Where the data below shows a picture, leave that picture out and copy the rest exactly.
· · · · · · ·
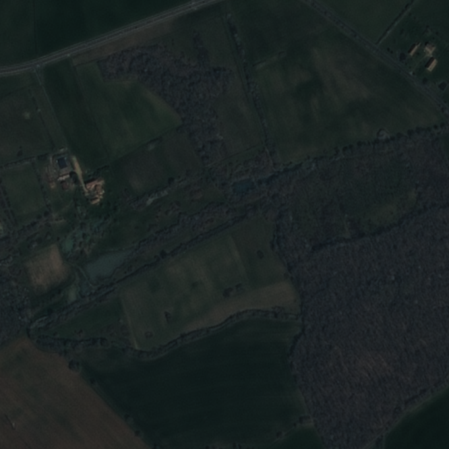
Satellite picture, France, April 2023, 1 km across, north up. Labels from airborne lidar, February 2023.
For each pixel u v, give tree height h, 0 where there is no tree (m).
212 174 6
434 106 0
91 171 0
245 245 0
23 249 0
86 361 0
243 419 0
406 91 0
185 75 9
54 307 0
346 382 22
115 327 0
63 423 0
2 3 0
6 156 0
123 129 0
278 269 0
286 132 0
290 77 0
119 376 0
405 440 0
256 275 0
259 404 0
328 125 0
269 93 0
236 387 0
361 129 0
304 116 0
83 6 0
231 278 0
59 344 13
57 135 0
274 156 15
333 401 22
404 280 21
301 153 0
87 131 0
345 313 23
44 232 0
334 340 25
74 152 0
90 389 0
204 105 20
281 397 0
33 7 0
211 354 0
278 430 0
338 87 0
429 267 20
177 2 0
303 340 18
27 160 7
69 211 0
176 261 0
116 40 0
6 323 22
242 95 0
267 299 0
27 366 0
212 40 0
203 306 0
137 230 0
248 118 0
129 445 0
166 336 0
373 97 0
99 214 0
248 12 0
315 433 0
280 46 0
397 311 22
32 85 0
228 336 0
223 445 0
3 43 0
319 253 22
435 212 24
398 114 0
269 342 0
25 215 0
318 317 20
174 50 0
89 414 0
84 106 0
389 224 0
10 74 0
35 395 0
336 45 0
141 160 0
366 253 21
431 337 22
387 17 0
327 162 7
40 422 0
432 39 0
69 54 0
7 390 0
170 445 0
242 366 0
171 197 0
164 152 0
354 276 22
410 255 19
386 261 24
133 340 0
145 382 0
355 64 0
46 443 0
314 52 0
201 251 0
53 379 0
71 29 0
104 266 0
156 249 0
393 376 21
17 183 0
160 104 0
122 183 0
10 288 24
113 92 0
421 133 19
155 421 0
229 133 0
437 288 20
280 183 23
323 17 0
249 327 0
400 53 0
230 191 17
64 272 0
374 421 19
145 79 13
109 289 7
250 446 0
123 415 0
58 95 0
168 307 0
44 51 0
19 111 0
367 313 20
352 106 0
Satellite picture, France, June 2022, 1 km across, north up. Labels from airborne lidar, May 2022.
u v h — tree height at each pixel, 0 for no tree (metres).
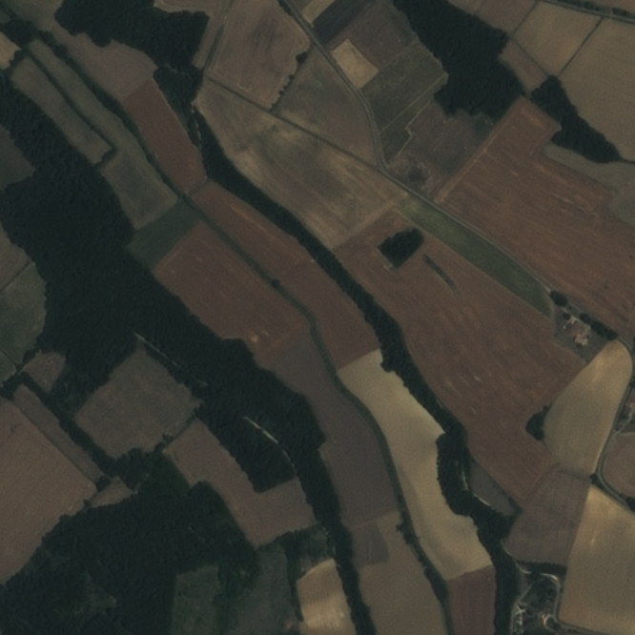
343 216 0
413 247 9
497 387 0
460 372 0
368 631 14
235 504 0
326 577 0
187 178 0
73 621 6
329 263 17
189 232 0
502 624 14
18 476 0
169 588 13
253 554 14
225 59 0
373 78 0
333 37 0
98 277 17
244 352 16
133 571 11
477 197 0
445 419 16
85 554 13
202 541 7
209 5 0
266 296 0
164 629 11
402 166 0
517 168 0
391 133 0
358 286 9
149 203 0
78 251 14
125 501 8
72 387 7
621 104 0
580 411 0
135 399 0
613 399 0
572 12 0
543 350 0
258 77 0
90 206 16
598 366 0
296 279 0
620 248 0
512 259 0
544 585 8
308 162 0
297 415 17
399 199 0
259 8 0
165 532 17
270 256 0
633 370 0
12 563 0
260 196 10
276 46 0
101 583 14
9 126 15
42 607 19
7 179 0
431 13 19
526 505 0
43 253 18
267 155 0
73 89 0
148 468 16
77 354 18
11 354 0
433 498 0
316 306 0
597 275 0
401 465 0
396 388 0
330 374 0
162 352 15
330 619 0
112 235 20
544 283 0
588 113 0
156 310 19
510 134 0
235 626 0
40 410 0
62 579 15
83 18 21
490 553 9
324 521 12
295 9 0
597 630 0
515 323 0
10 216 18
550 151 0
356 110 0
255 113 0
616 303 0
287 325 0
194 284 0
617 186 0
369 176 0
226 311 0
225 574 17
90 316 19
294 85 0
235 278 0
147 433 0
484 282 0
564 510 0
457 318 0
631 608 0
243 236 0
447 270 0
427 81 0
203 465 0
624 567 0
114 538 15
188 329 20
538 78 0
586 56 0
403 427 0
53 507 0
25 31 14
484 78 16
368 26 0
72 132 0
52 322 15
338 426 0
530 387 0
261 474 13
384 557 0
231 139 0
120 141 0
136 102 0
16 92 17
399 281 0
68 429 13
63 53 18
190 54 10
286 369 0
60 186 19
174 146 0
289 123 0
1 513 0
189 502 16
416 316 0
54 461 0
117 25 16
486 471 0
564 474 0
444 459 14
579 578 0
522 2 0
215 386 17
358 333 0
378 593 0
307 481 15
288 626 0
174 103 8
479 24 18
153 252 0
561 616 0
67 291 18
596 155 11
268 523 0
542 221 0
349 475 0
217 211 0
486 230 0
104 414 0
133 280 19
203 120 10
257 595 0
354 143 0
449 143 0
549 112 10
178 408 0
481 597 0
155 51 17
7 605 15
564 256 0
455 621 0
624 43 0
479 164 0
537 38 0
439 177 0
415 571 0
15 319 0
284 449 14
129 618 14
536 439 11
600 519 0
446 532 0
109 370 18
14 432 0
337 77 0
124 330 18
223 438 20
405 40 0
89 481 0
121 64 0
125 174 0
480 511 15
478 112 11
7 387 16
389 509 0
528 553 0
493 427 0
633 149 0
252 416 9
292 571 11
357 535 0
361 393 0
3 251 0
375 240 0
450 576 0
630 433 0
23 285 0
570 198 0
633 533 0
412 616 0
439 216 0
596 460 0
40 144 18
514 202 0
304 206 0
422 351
· · · · · · ·
**Solution:**
Satellite picture, France, April 2023, 1 km across, north up. Labels from airborne lidar, February 2023.
For each pixel u v, give tree height h, 0 where there is no tree (m).
212 174 6
434 106 0
91 171 0
245 245 0
23 249 0
86 361 0
243 419 0
406 91 0
185 75 9
54 307 0
346 382 22
115 327 0
63 423 0
2 3 0
6 156 0
123 129 0
278 269 0
286 132 0
290 77 0
119 376 0
405 440 0
256 275 0
259 404 0
328 125 0
269 93 0
236 387 0
361 129 0
304 116 0
83 6 0
231 278 0
59 344 13
57 135 0
274 156 15
333 401 22
404 280 21
301 153 0
87 131 0
345 313 23
44 232 0
334 340 25
74 152 0
90 389 0
204 105 20
281 397 0
33 7 0
211 354 0
278 430 0
338 87 0
429 267 20
177 2 0
303 340 18
27 160 7
69 211 0
176 261 0
116 40 0
6 323 22
242 95 0
267 299 0
27 366 0
212 40 0
203 306 0
137 230 0
248 118 0
129 445 0
166 336 0
373 97 0
99 214 0
248 12 0
315 433 0
280 46 0
397 311 22
32 85 0
228 336 0
223 445 0
3 43 0
319 253 22
435 212 24
398 114 0
269 342 0
25 215 0
318 317 20
174 50 0
89 414 0
84 106 0
389 224 0
10 74 0
35 395 0
336 45 0
141 160 0
366 253 21
431 337 22
387 17 0
327 162 7
40 422 0
432 39 0
69 54 0
7 390 0
170 445 0
242 366 0
171 197 0
164 152 0
354 276 22
410 255 19
386 261 24
133 340 0
145 382 0
355 64 0
46 443 0
314 52 0
201 251 0
53 379 0
71 29 0
104 266 0
156 249 0
393 376 21
17 183 0
160 104 0
122 183 0
10 288 24
113 92 0
421 133 19
155 421 0
229 133 0
437 288 20
280 183 23
323 17 0
249 327 0
400 53 0
230 191 17
64 272 0
374 421 19
145 79 13
109 289 7
250 446 0
123 415 0
58 95 0
168 307 0
44 51 0
19 111 0
367 313 20
352 106 0
Satellite picture, France, June 2022, 1 km across, north up. Labels from airborne lidar, May 2022.
u v h — tree height at each pixel, 0 for no tree (metres).
343 216 0
413 247 9
497 387 0
460 372 0
368 631 14
235 504 0
326 577 0
187 178 0
73 621 6
329 263 17
189 232 0
502 624 14
18 476 0
169 588 13
253 554 14
225 59 0
373 78 0
333 37 0
98 277 17
244 352 16
133 571 11
477 197 0
445 419 16
85 554 13
202 541 7
209 5 0
266 296 0
164 629 11
402 166 0
517 168 0
391 133 0
358 286 9
149 203 0
78 251 14
125 501 8
72 387 7
621 104 0
580 411 0
135 399 0
613 399 0
572 12 0
543 350 0
258 77 0
90 206 16
598 366 0
296 279 0
620 248 0
512 259 0
544 585 8
308 162 0
297 415 17
399 199 0
259 8 0
165 532 17
270 256 0
633 370 0
12 563 0
260 196 10
276 46 0
101 583 14
9 126 15
42 607 19
7 179 0
431 13 19
526 505 0
43 253 18
267 155 0
73 89 0
148 468 16
77 354 18
11 354 0
433 498 0
316 306 0
597 275 0
401 465 0
396 388 0
330 374 0
162 352 15
330 619 0
112 235 20
544 283 0
588 113 0
156 310 19
510 134 0
235 626 0
40 410 0
62 579 15
83 18 21
490 553 9
324 521 12
295 9 0
597 630 0
515 323 0
10 216 18
550 151 0
356 110 0
255 113 0
616 303 0
287 325 0
194 284 0
617 186 0
369 176 0
226 311 0
225 574 17
90 316 19
294 85 0
235 278 0
147 433 0
484 282 0
564 510 0
457 318 0
631 608 0
243 236 0
447 270 0
427 81 0
203 465 0
624 567 0
114 538 15
188 329 20
538 78 0
586 56 0
403 427 0
53 507 0
25 31 14
484 78 16
368 26 0
72 132 0
52 322 15
338 426 0
530 387 0
261 474 13
384 557 0
231 139 0
120 141 0
136 102 0
16 92 17
399 281 0
68 429 13
63 53 18
190 54 10
286 369 0
60 186 19
174 146 0
289 123 0
1 513 0
189 502 16
416 316 0
54 461 0
117 25 16
486 471 0
564 474 0
444 459 14
579 578 0
522 2 0
215 386 17
358 333 0
378 593 0
307 481 15
288 626 0
174 103 8
479 24 18
153 252 0
561 616 0
67 291 18
596 155 11
268 523 0
542 221 0
349 475 0
217 211 0
486 230 0
104 414 0
133 280 19
203 120 10
257 595 0
354 143 0
449 143 0
549 112 10
178 408 0
481 597 0
155 51 17
7 605 15
564 256 0
455 621 0
624 43 0
479 164 0
537 38 0
439 177 0
415 571 0
15 319 0
284 449 14
129 618 14
536 439 11
600 519 0
446 532 0
109 370 18
14 432 0
337 77 0
124 330 18
223 438 20
405 40 0
89 481 0
121 64 0
125 174 0
480 511 15
478 112 11
7 387 16
389 509 0
528 553 0
493 427 0
633 149 0
252 416 9
292 571 11
357 535 0
361 393 0
3 251 0
375 240 0
450 576 0
630 433 0
23 285 0
570 198 0
633 533 0
412 616 0
439 216 0
596 460 0
40 144 18
514 202 0
304 206 0
422 351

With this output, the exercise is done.